> TASK BRIEF
Set down every line from the one with "Here are defects" to the end of the entries, both ends included, exactly as it reads and without pictures.

> WORKING DATA
┌──
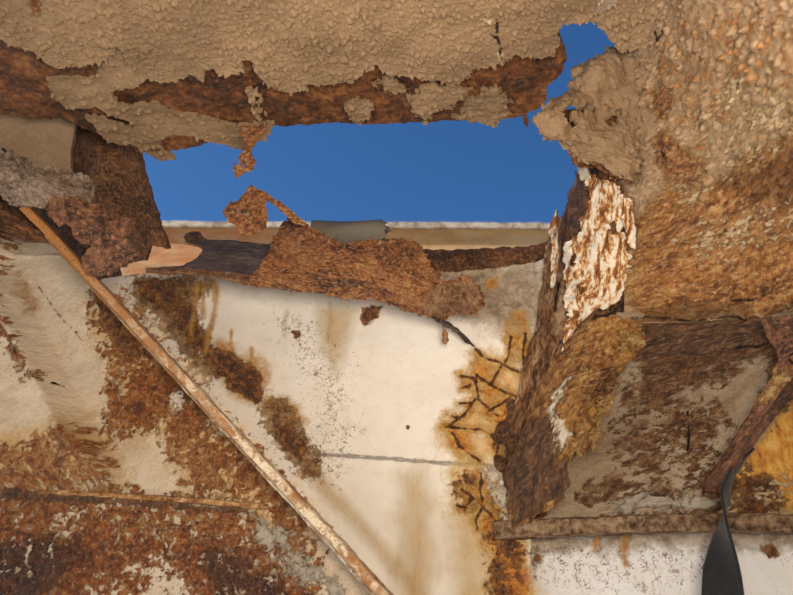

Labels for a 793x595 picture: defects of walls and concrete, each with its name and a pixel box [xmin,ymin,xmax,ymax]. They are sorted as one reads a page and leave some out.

corrosion [0,40,133,133]
corrosion [0,195,328,595]
corrosion [222,185,306,238]
corrosion [113,32,567,178]
crack [440,332,529,532]
peeling [531,46,642,351]
corrosion [440,0,793,595]
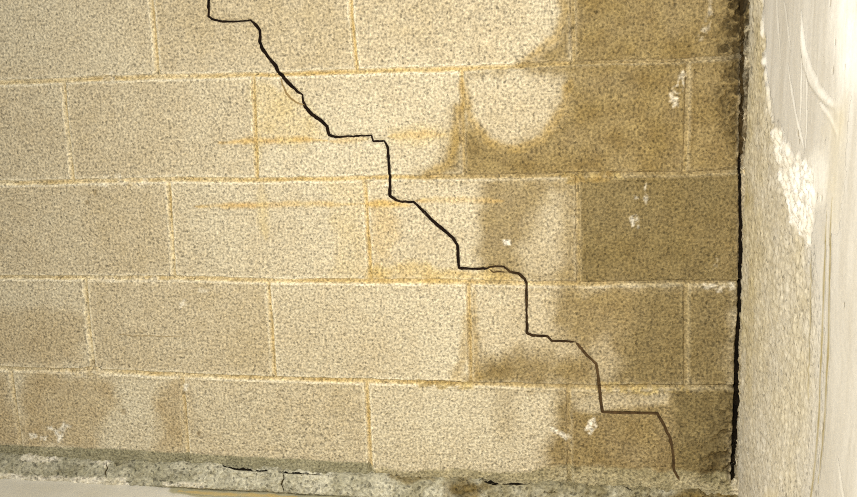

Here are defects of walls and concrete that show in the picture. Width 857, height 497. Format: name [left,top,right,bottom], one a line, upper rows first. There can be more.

crack [207,0,680,481]
water stain [400,0,751,487]
crack [730,0,745,480]
water stain [167,487,349,497]
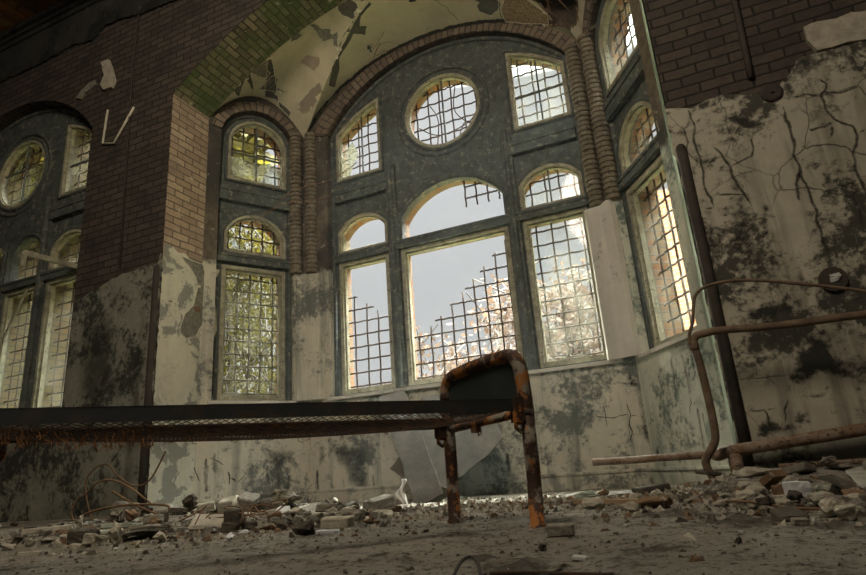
└──
> ANSWER TO THIS TASK
Here are defects of walls and concrete that show in the picture. Width 857, height 497. Format: name [left,top,right,bottom], one a line, upper rows first. There can be more.

crack [207,0,680,481]
water stain [400,0,751,487]
crack [730,0,745,480]
water stain [167,487,349,497]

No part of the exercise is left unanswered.